Yokochi also conducted experiments aimed at understanding how volatile elements are trapped in ices under conditions relevant to the formation of comets and icy moons. The results of those experiments showed that ice surfaces have heterogeneous adsorption energies, influenced by initial ice-deposition temperatures and thermal annealing. Adsorption sites with higher energy play a significant role at low pressures and higher temperatures, conditions relevant to the protosolar nebula. The experiments also showed that gas trapping occurs primarily through the burial of gas adsorbed on newly formed ice surfaces. Yokochi's experiments indicate that the formation temperature of comet 67P/Churyumov-Gerasimenko, as suggested by the observed Ar/H_{2}O ratio, was around 40 K.

Yokochi contributed to the analysis of gases in samples returned from the Ryugu asteroid by JAXA's Hayabusa2 mission.

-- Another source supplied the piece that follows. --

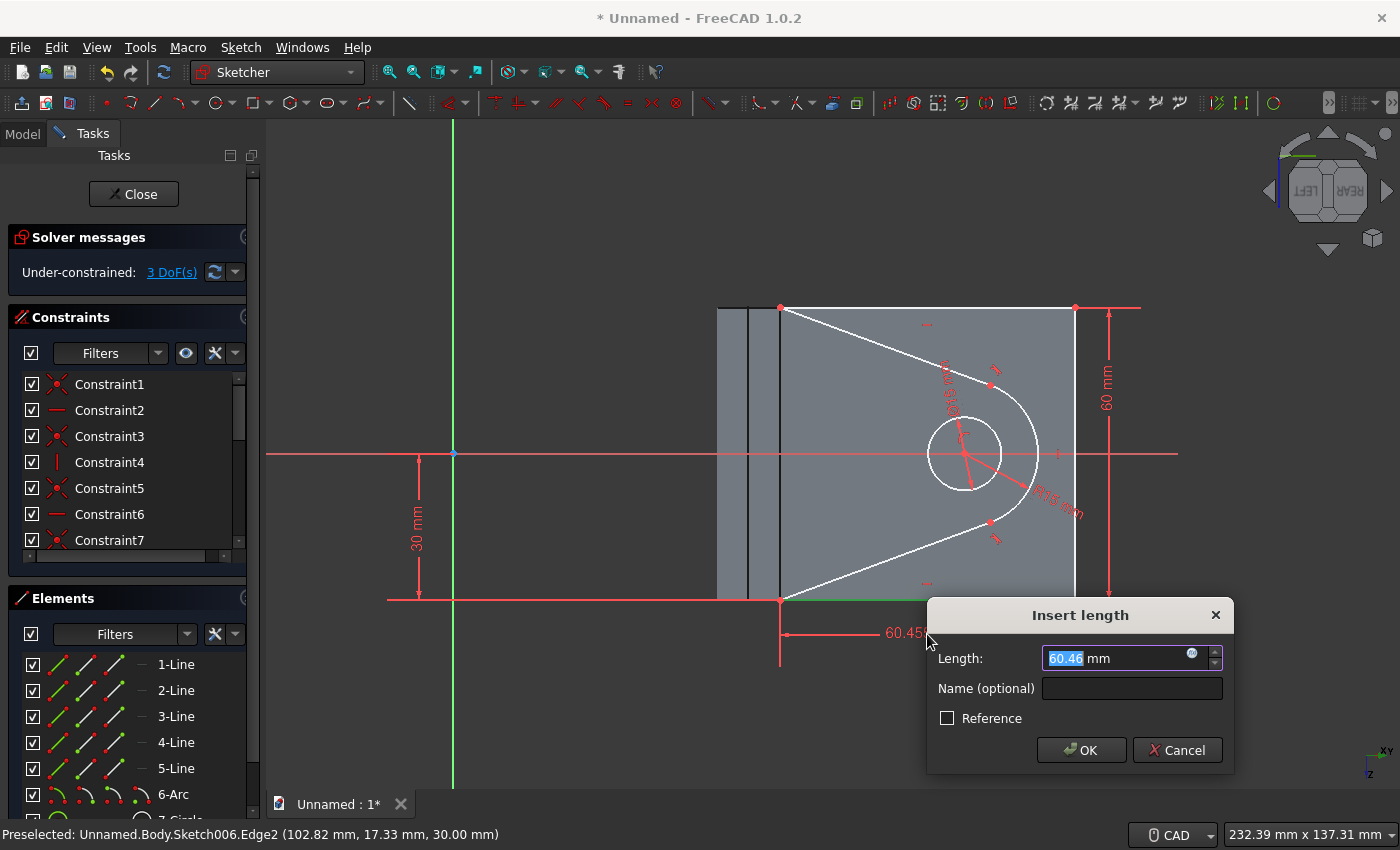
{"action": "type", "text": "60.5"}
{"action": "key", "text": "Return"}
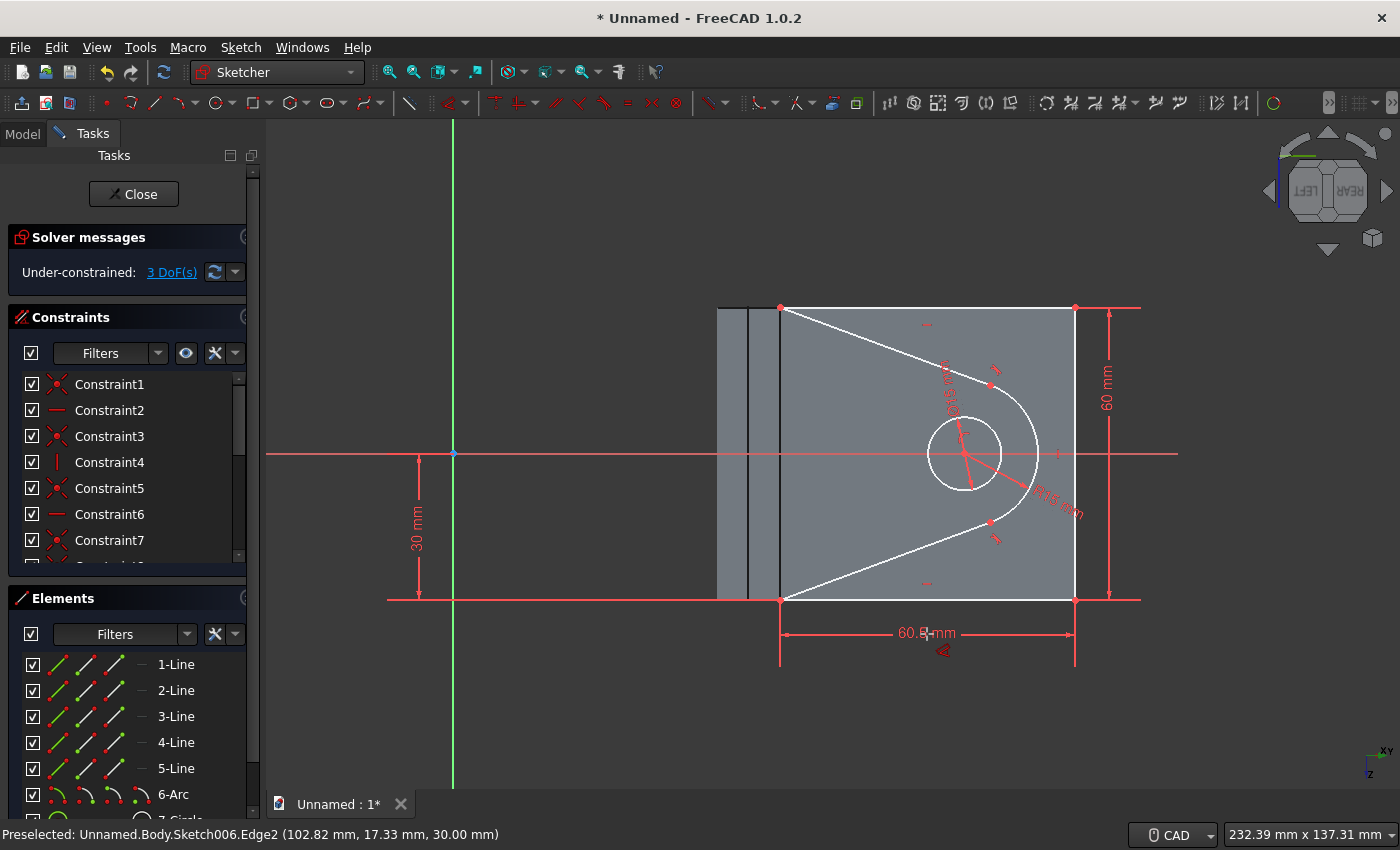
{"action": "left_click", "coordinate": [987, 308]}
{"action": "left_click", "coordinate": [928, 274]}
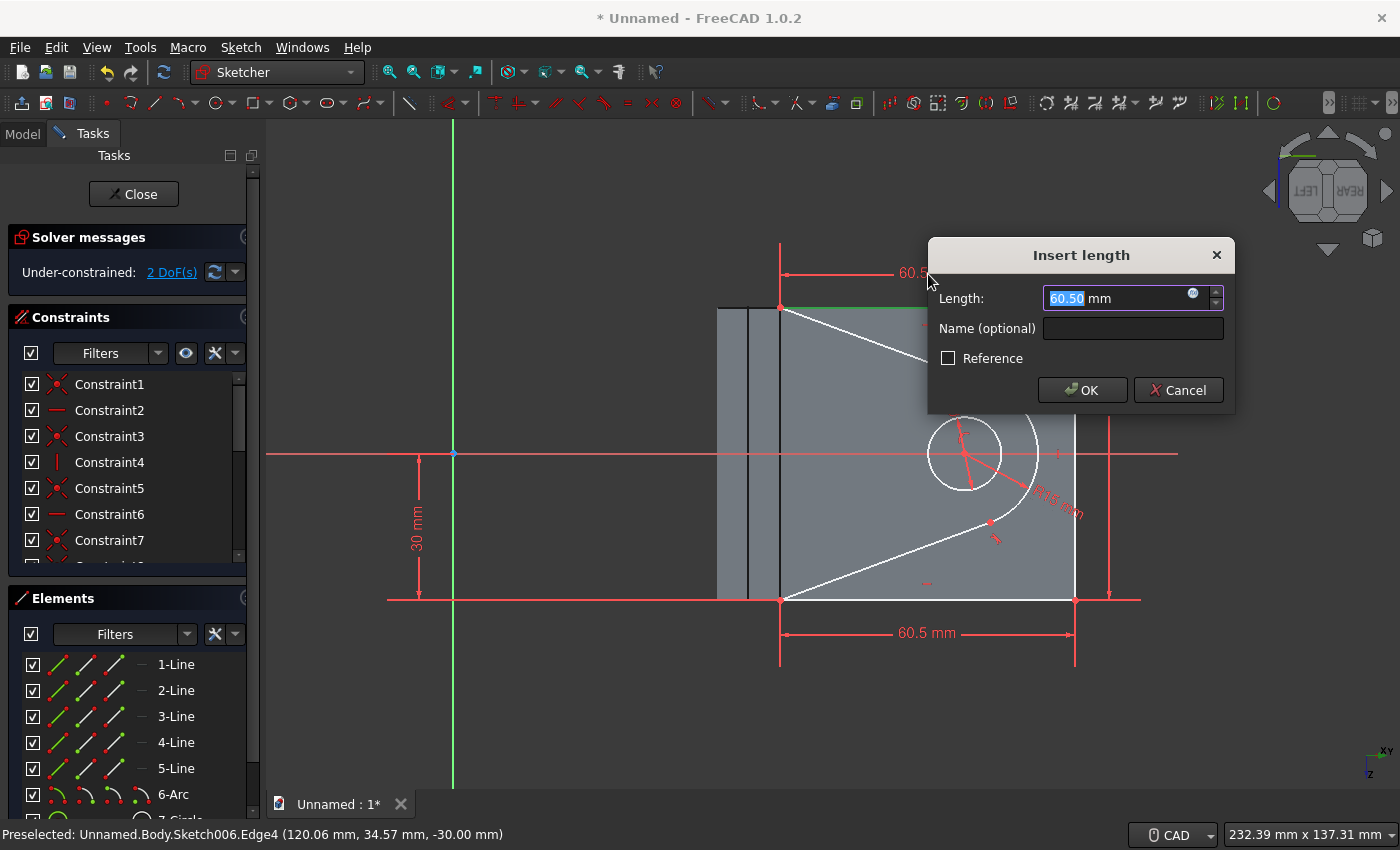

=== Awards and recognition ===
Yokochi received the Young Scientist Award from the Geochemistry Research Association of Japan in 2012; the same year, she was also named a NASA Planetary Science Early Career Fellow.

== Personal life ==
Reika Yokochi was married to Nicolas Dauphas, a fellow planetary scientist; the couple has two children. She died on February 17, 2024 from EGFR-driven lung cancer, a disease that disproportionately affects nonsmoking women of East asian ancestry. Air pollution by particles less than 2.5 microns in diameter seems to be a factor contributing to the onset of EGFR-driven lung cancer.